Records excerpted from a collection:
/---

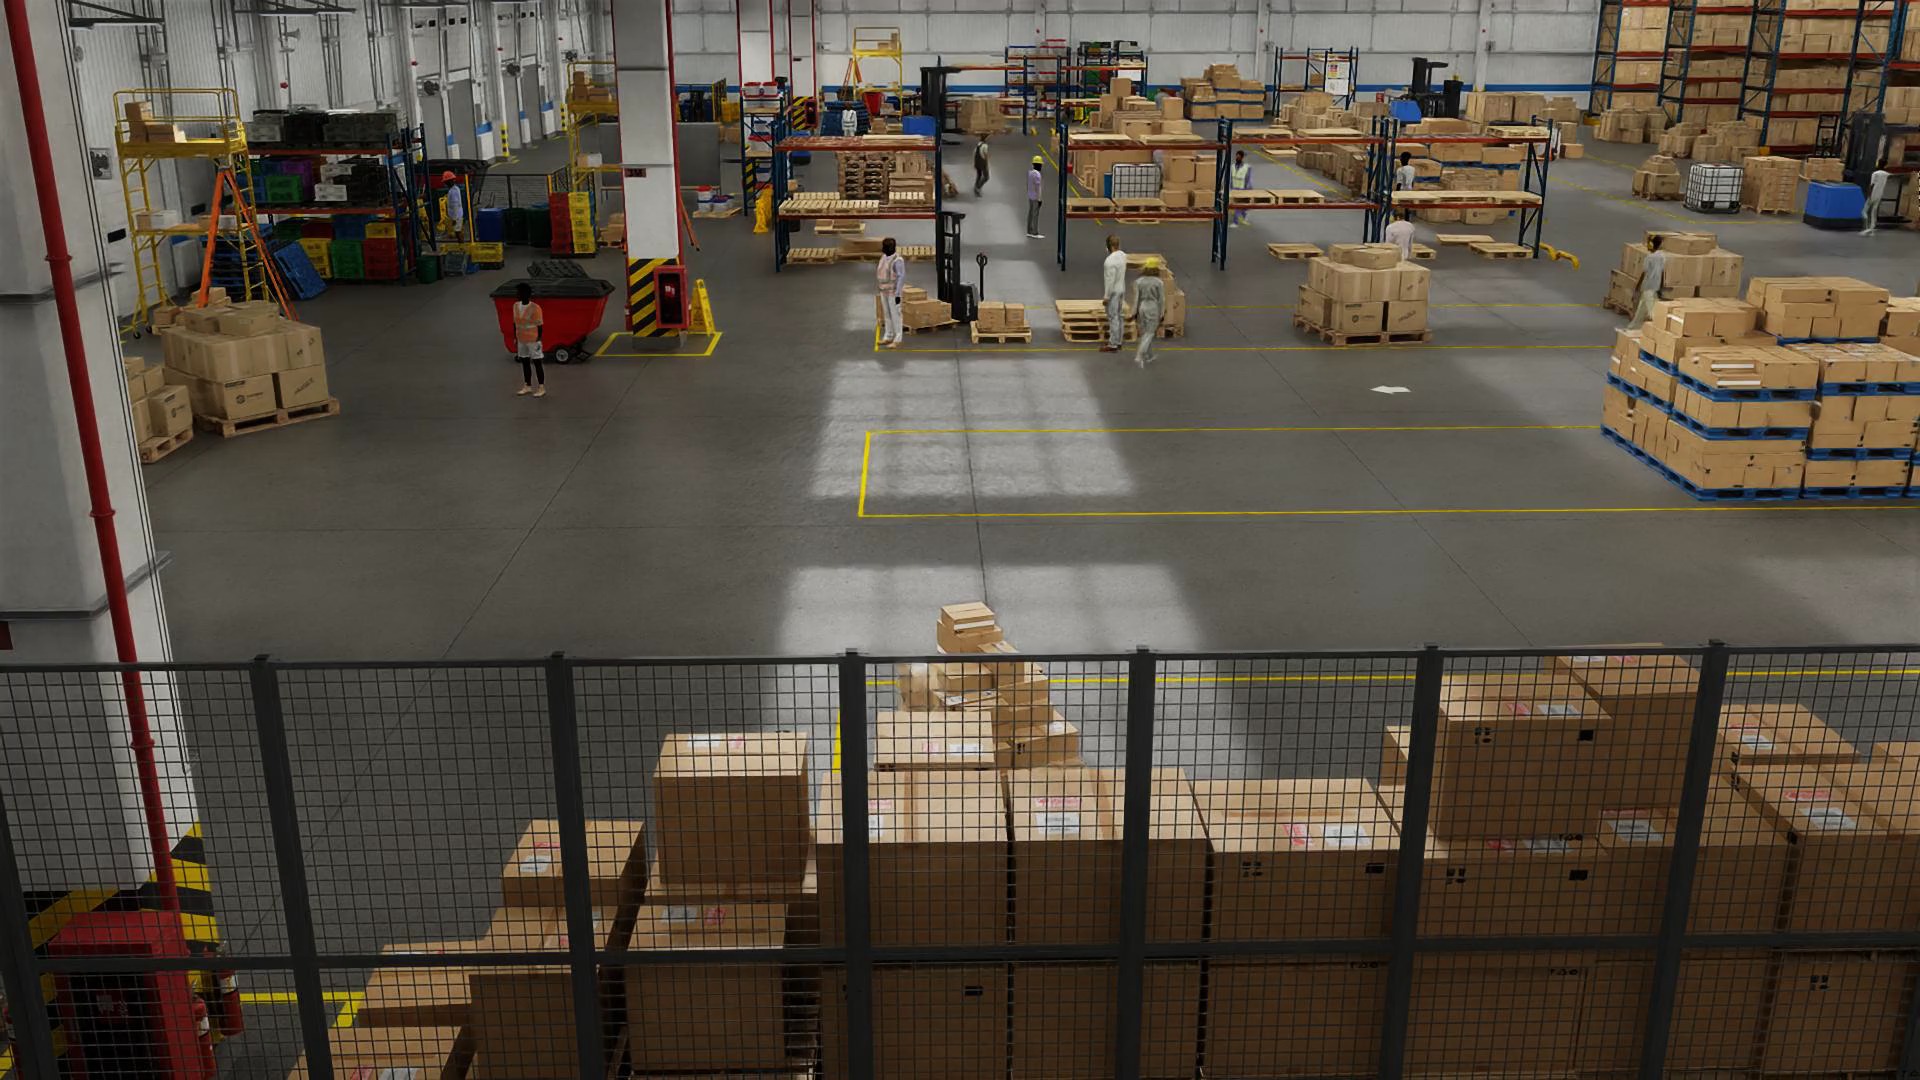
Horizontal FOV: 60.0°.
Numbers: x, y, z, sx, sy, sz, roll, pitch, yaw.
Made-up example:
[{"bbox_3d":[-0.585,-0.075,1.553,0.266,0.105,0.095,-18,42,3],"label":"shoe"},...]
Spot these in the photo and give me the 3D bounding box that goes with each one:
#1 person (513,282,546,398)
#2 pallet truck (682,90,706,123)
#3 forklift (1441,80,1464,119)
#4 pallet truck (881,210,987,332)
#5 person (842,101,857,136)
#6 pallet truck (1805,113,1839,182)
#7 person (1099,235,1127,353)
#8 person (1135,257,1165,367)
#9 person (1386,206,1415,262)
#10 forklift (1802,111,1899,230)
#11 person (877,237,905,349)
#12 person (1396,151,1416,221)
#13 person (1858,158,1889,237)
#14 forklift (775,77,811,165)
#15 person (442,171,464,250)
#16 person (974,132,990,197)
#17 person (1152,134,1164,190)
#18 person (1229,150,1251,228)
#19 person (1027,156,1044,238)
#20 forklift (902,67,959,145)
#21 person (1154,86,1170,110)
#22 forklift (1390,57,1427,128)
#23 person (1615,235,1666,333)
[{"bbox_3d":[-6.336,-2.936,24.400,0.540,1.698,0.317,10,21,27],"label":"person"},{"bbox_3d":[-9.671,-15.907,62.421,0.823,1.965,1.885,5,19,15],"label":"pallet truck"},{"bbox_3d":[15.644,-13.239,53.146,1.873,2.768,1.129,-1,19,-1],"label":"forklift"},{"bbox_3d":[-0.493,-4.759,29.349,1.885,1.965,0.823,-13,23,-34],"label":"pallet truck"},{"bbox_3d":[-3.850,-14.256,57.701,0.572,1.883,0.355,10,21,28],"label":"person"},{"bbox_3d":[26.403,-11.957,50.702,0.823,1.965,1.885,6,19,16],"label":"pallet truck"},{"bbox_3d":[2.518,-4.044,27.328,0.370,1.934,0.627,9,21,25],"label":"person"},{"bbox_3d":[2.984,-3.626,26.431,0.492,1.718,0.801,13,22,33],"label":"person"},{"bbox_3d":[8.082,-5.197,30.742,0.634,1.936,0.355,-9,21,-25],"label":"person"},{"bbox_3d":[22.028,-9.075,40.792,1.873,2.768,1.129,-1,19,-2],"label":"forklift"},{"bbox_3d":[-1.157,-4.115,27.678,0.430,1.844,0.624,-11,21,-29],"label":"person"},{"bbox_3d":[10.677,-8.359,40.078,0.609,1.965,0.364,-15,24,-37],"label":"person"},{"bbox_3d":[21.885,-8.190,39.768,0.507,1.841,0.439,-4,19,-12],"label":"person"},{"bbox_3d":[-5.920,-13.893,55.085,1.873,2.768,1.129,-1,19,-1],"label":"forklift"},{"bbox_3d":[-11.053,-7.086,36.354,0.372,1.933,0.542,-4,19,-11],"label":"person"},{"bbox_3d":[0.605,-10.568,46.862,0.455,1.817,0.610,-16,24,-39],"label":"person"},{"bbox_3d":[5.437,-10.084,45.286,0.602,1.919,0.548,-1,19,-2],"label":"person"},{"bbox_3d":[6.975,-8.739,41.328,0.822,1.896,0.597,-17,25,-41],"label":"person"},{"bbox_3d":[1.800,-8.148,39.515,0.373,1.923,0.593,-8,20,-22],"label":"person"},{"bbox_3d":[-1.117,-15.934,61.139,1.873,2.768,1.129,-10,21,-28],"label":"forklift"},{"bbox_3d":[7.975,-16.943,65.647,0.644,1.909,0.897,0,19,0],"label":"person"},{"bbox_3d":[18.896,-18.497,68.744,1.873,2.768,1.129,-1,19,-1],"label":"forklift"},{"bbox_3d":[11.565,-4.232,28.057,0.551,1.817,0.961,-14,23,-35],"label":"person"}]

\---

Prompt -> Write out every line above exactly, minus images.

Exercise response ->
Horizontal FOV: 60.0°.
Numbers: x, y, z, sx, sy, sz, roll, pitch, yaw.
Made-up example:
[{"bbox_3d":[-0.585,-0.075,1.553,0.266,0.105,0.095,-18,42,3],"label":"shoe"},...]
Spot these in the photo and give me the 3D bounding box that goes with each one:
#1 person (513,282,546,398)
#2 pallet truck (682,90,706,123)
#3 forklift (1441,80,1464,119)
#4 pallet truck (881,210,987,332)
#5 person (842,101,857,136)
#6 pallet truck (1805,113,1839,182)
#7 person (1099,235,1127,353)
#8 person (1135,257,1165,367)
#9 person (1386,206,1415,262)
#10 forklift (1802,111,1899,230)
#11 person (877,237,905,349)
#12 person (1396,151,1416,221)
#13 person (1858,158,1889,237)
#14 forklift (775,77,811,165)
#15 person (442,171,464,250)
#16 person (974,132,990,197)
#17 person (1152,134,1164,190)
#18 person (1229,150,1251,228)
#19 person (1027,156,1044,238)
#20 forklift (902,67,959,145)
#21 person (1154,86,1170,110)
#22 forklift (1390,57,1427,128)
#23 person (1615,235,1666,333)
[{"bbox_3d":[-6.336,-2.936,24.400,0.540,1.698,0.317,10,21,27],"label":"person"},{"bbox_3d":[-9.671,-15.907,62.421,0.823,1.965,1.885,5,19,15],"label":"pallet truck"},{"bbox_3d":[15.644,-13.239,53.146,1.873,2.768,1.129,-1,19,-1],"label":"forklift"},{"bbox_3d":[-0.493,-4.759,29.349,1.885,1.965,0.823,-13,23,-34],"label":"pallet truck"},{"bbox_3d":[-3.850,-14.256,57.701,0.572,1.883,0.355,10,21,28],"label":"person"},{"bbox_3d":[26.403,-11.957,50.702,0.823,1.965,1.885,6,19,16],"label":"pallet truck"},{"bbox_3d":[2.518,-4.044,27.328,0.370,1.934,0.627,9,21,25],"label":"person"},{"bbox_3d":[2.984,-3.626,26.431,0.492,1.718,0.801,13,22,33],"label":"person"},{"bbox_3d":[8.082,-5.197,30.742,0.634,1.936,0.355,-9,21,-25],"label":"person"},{"bbox_3d":[22.028,-9.075,40.792,1.873,2.768,1.129,-1,19,-2],"label":"forklift"},{"bbox_3d":[-1.157,-4.115,27.678,0.430,1.844,0.624,-11,21,-29],"label":"person"},{"bbox_3d":[10.677,-8.359,40.078,0.609,1.965,0.364,-15,24,-37],"label":"person"},{"bbox_3d":[21.885,-8.190,39.768,0.507,1.841,0.439,-4,19,-12],"label":"person"},{"bbox_3d":[-5.920,-13.893,55.085,1.873,2.768,1.129,-1,19,-1],"label":"forklift"},{"bbox_3d":[-11.053,-7.086,36.354,0.372,1.933,0.542,-4,19,-11],"label":"person"},{"bbox_3d":[0.605,-10.568,46.862,0.455,1.817,0.610,-16,24,-39],"label":"person"},{"bbox_3d":[5.437,-10.084,45.286,0.602,1.919,0.548,-1,19,-2],"label":"person"},{"bbox_3d":[6.975,-8.739,41.328,0.822,1.896,0.597,-17,25,-41],"label":"person"},{"bbox_3d":[1.800,-8.148,39.515,0.373,1.923,0.593,-8,20,-22],"label":"person"},{"bbox_3d":[-1.117,-15.934,61.139,1.873,2.768,1.129,-10,21,-28],"label":"forklift"},{"bbox_3d":[7.975,-16.943,65.647,0.644,1.909,0.897,0,19,0],"label":"person"},{"bbox_3d":[18.896,-18.497,68.744,1.873,2.768,1.129,-1,19,-1],"label":"forklift"},{"bbox_3d":[11.565,-4.232,28.057,0.551,1.817,0.961,-14,23,-35],"label":"person"}]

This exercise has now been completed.